What you will do. What is needed is an exact copy of the entries below, with every picture left out.

Working data.
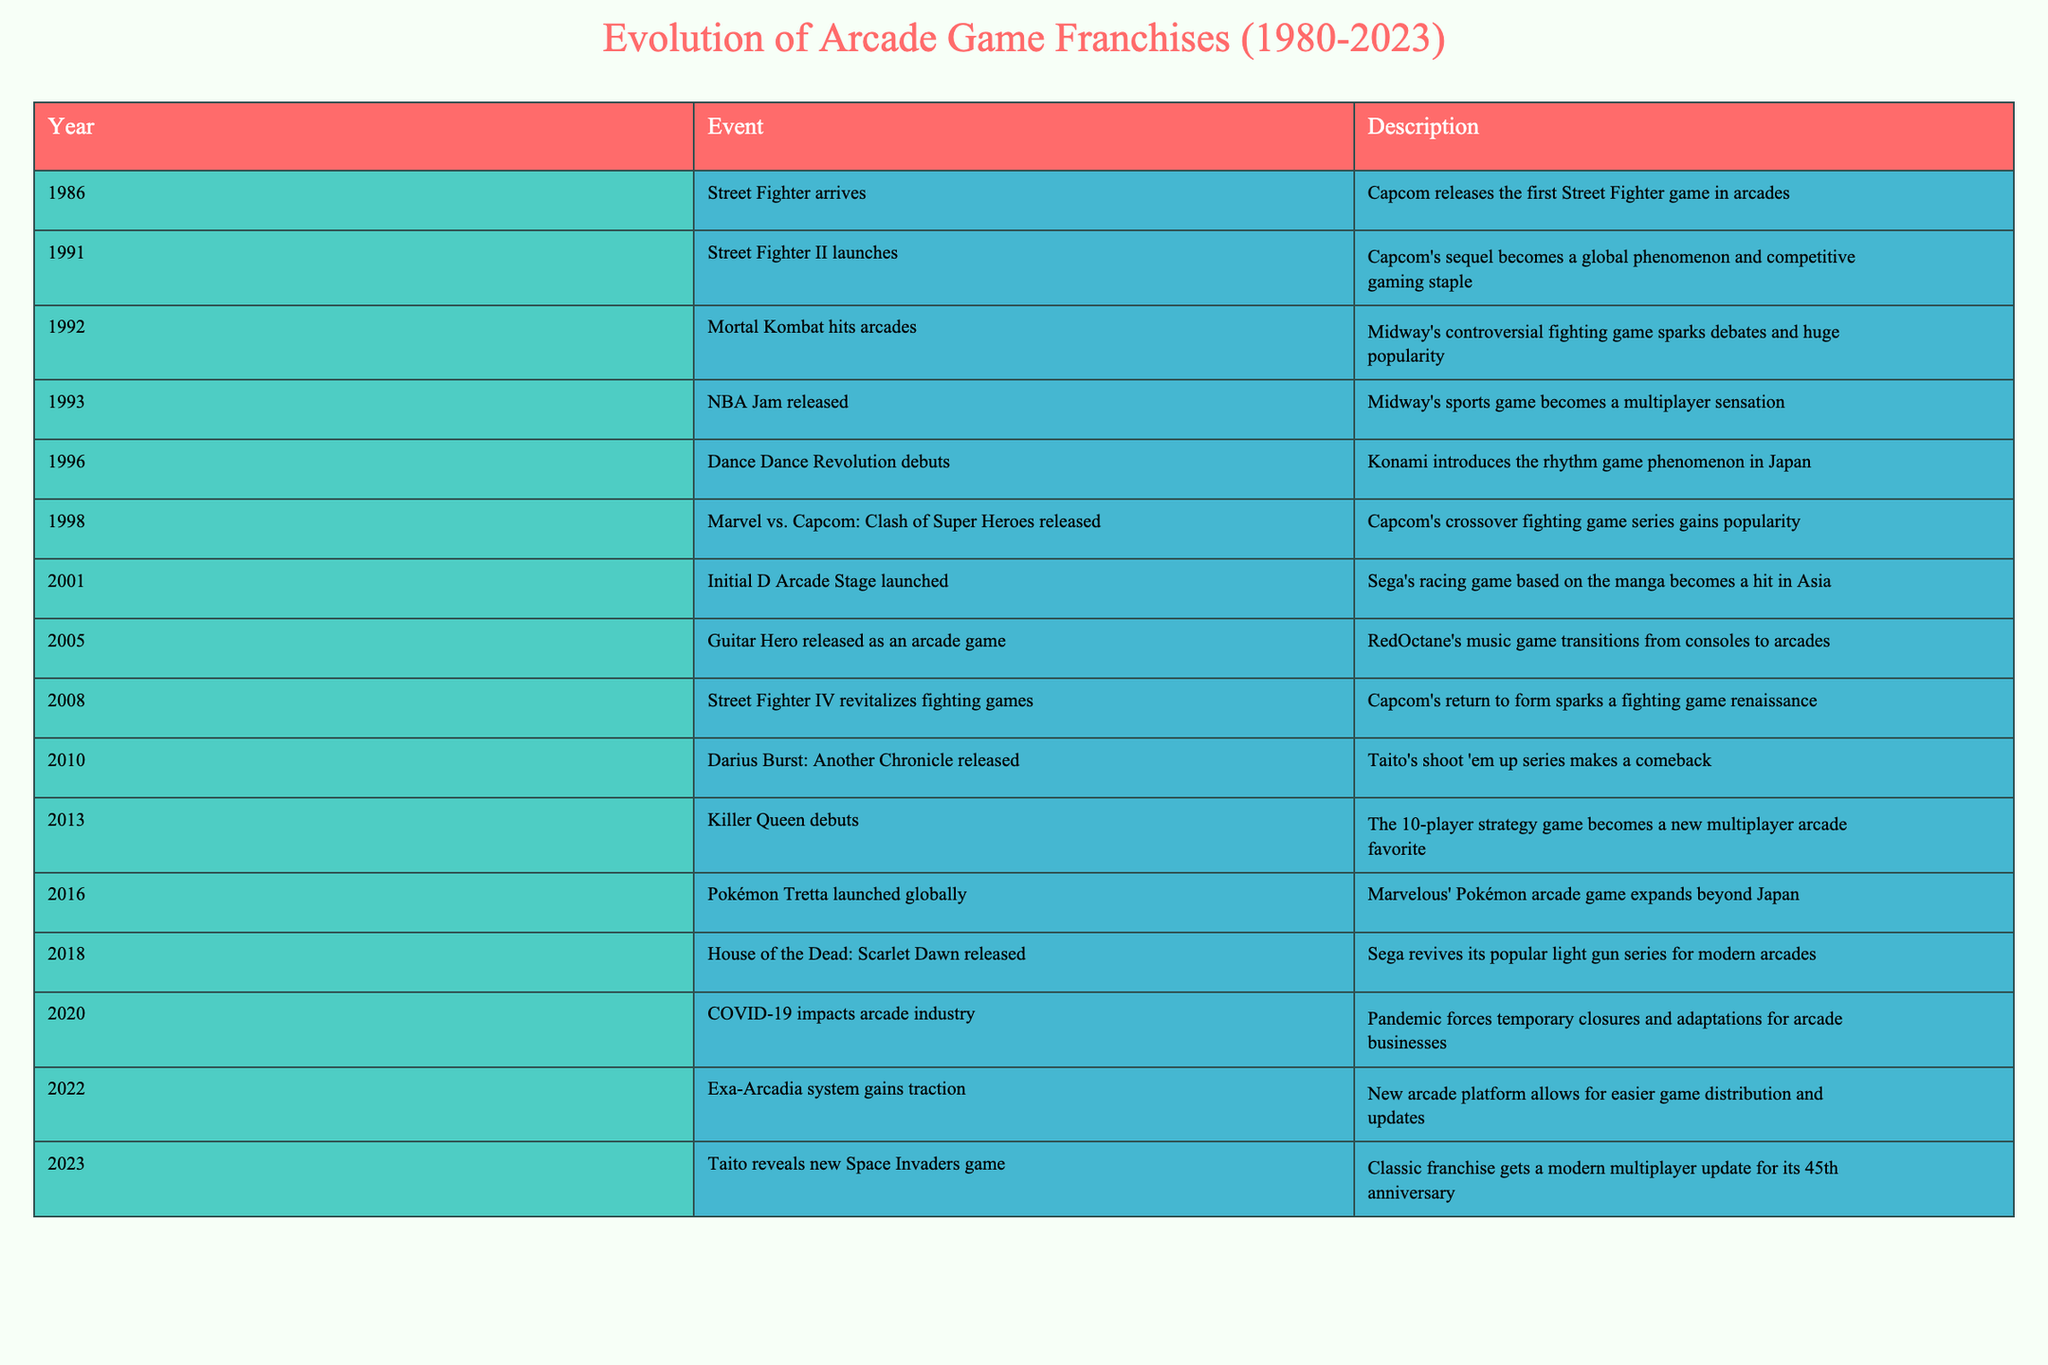What year did Street Fighter II launch? Street Fighter II is listed in the table under the year 1991. This can be found by referring to the row that mentions the event "Street Fighter II launches."
Answer: 1991 What franchise did Mortal Kombat belong to? The event "Mortal Kombat hits arcades" indicates that it is from Midway, which is historically known for the Mortal Kombat franchise. This can be verified in the description for the year 1992.
Answer: Mortal Kombat Which event happened first, the release of Dance Dance Revolution or NBA Jam? By checking the years in the table, Dance Dance Revolution debuted in 1996, while NBA Jam was released in 1993. Since 1993 is earlier than 1996, NBA Jam happened first.
Answer: NBA Jam How many years passed between the release of the first Street Fighter and Street Fighter IV? The first Street Fighter was released in 1986 and Street Fighter IV in 2008. Calculating the difference: 2008 - 1986 = 22 years.
Answer: 22 years Did the arcade industry face any disruptions in 2020? The event listed for 2020 clearly states "COVID-19 impacts arcade industry," showing that there were significant disruptions due to the pandemic.
Answer: Yes In what year was the Exa-Arcadia system released? The table shows that the Exa-Arcadia system gained traction in 2022. This information can be found directly in the given row of events.
Answer: 2022 Which game series saw a resurgence in 2013? The event description for the year 2013 indicates "Killer Queen debuts," which can be interpreted as a new multiplayer arcade favorite, signaling a resurgence in arcade gaming popularity.
Answer: Killer Queen What was the trend in fighting games between the release of Street Fighter II and Street Fighter IV? Looking at the timeline, Street Fighter II launched in 1991, and Street Fighter IV revitalized fighting games in 2008, indicating a trend of renewed interest and revival of fighting games over those 17 years.
Answer: Revival How many fighting games are listed in the table? By reviewing each entry under the "Event" column, there are four notable fighting games: Street Fighter, Street Fighter II, Mortal Kombat, and Street Fighter IV. Thus, there are four fighting games listed.
Answer: Four 
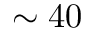Convert formula to latex. <formula><loc_0><loc_0><loc_500><loc_500>\sim 4 0</formula>

Solution to this task.
What year did Street Fighter II launch? Street Fighter II is listed in the table under the year 1991. This can be found by referring to the row that mentions the event "Street Fighter II launches."
Answer: 1991 What franchise did Mortal Kombat belong to? The event "Mortal Kombat hits arcades" indicates that it is from Midway, which is historically known for the Mortal Kombat franchise. This can be verified in the description for the year 1992.
Answer: Mortal Kombat Which event happened first, the release of Dance Dance Revolution or NBA Jam? By checking the years in the table, Dance Dance Revolution debuted in 1996, while NBA Jam was released in 1993. Since 1993 is earlier than 1996, NBA Jam happened first.
Answer: NBA Jam How many years passed between the release of the first Street Fighter and Street Fighter IV? The first Street Fighter was released in 1986 and Street Fighter IV in 2008. Calculating the difference: 2008 - 1986 = 22 years.
Answer: 22 years Did the arcade industry face any disruptions in 2020? The event listed for 2020 clearly states "COVID-19 impacts arcade industry," showing that there were significant disruptions due to the pandemic.
Answer: Yes In what year was the Exa-Arcadia system released? The table shows that the Exa-Arcadia system gained traction in 2022. This information can be found directly in the given row of events.
Answer: 2022 Which game series saw a resurgence in 2013? The event description for the year 2013 indicates "Killer Queen debuts," which can be interpreted as a new multiplayer arcade favorite, signaling a resurgence in arcade gaming popularity.
Answer: Killer Queen What was the trend in fighting games between the release of Street Fighter II and Street Fighter IV? Looking at the timeline, Street Fighter II launched in 1991, and Street Fighter IV revitalized fighting games in 2008, indicating a trend of renewed interest and revival of fighting games over those 17 years.
Answer: Revival How many fighting games are listed in the table? By reviewing each entry under the "Event" column, there are four notable fighting games: Street Fighter, Street Fighter II, Mortal Kombat, and Street Fighter IV. Thus, there are four fighting games listed.
Answer: Four 
Convert formula to latex. <formula><loc_0><loc_0><loc_500><loc_500>\sim 4 0</formula>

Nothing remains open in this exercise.